8. An agent for generating a bibliometric analysis report, characterized in that, The intelligent agent includes: an analysis module, a determination module, and an execution module; The analysis module is configured to acquire user needs, and based on the user needs, obtain a retrieval strategy and a demand semantic vector corresponding to the user needs. The determining module is configured to determine an execution plan based on the retrieval strategy and the demand semantic vector; The execution module is configured to execute the execution plan and obtain a bibliometric analysis report; The intelligent agent is built on the Reflexion framework and adopts a combination of models, inference planning, memory, and tools. The models include a bibliometric text generation model, a Transformer model, and a MedBERT model. The inference planning includes reasoning and parsing the user's needs, breaking down the execution plan, and reflection. The memory includes summarizing and analyzing the process of generating the bibliometric analysis report. The tools include a bibliometric database, a medical dictionary, a medical ontology, a knowledge base, bibliometric analysis tools, and an API interface.

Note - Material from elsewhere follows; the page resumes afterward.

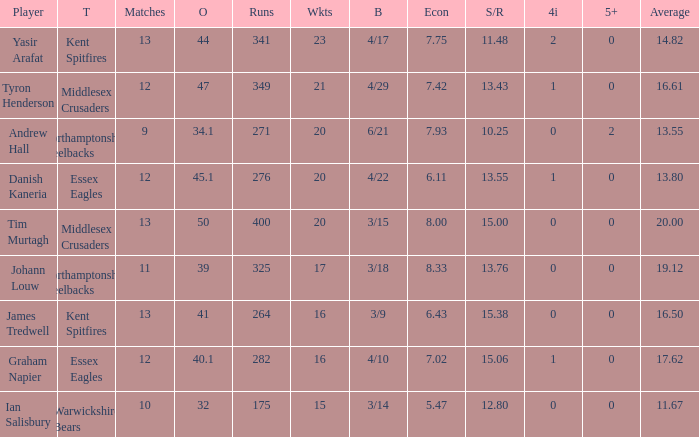Name the least matches for runs being 276 12.0. 
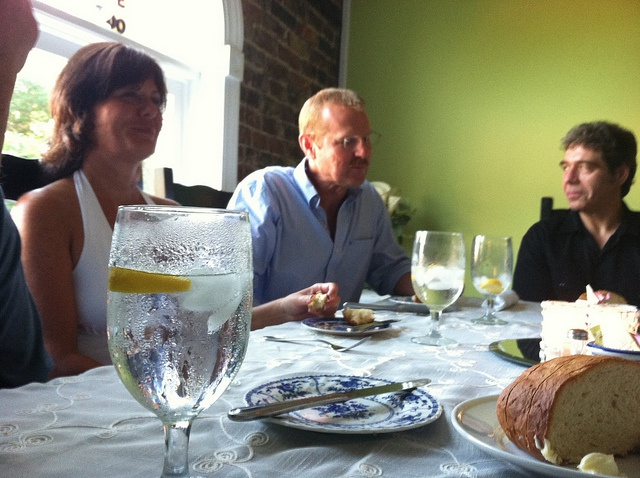Describe the objects in this image and their specific colors. I can see dining table in brown, darkgray, lightgray, gray, and lightblue tones, people in brown, maroon, black, and gray tones, wine glass in brown, darkgray, lightgray, and gray tones, people in brown, gray, black, and ivory tones, and people in brown, black, and maroon tones in this image.

9. A computer device, comprising: include: A memory, a processor, and a computer program stored in the memory and executable on the processor, wherein the processor, when executing the computer program, implements the method for generating a bibliometric analysis report as described in any one of claims 1-7.
10. A computer-readable storage medium, characterized in that, The computer-readable storage medium stores instructions that, when executed on a terminal device, cause the terminal device to perform the method for generating a bibliometric analysis report as described in any one of claims 1-7.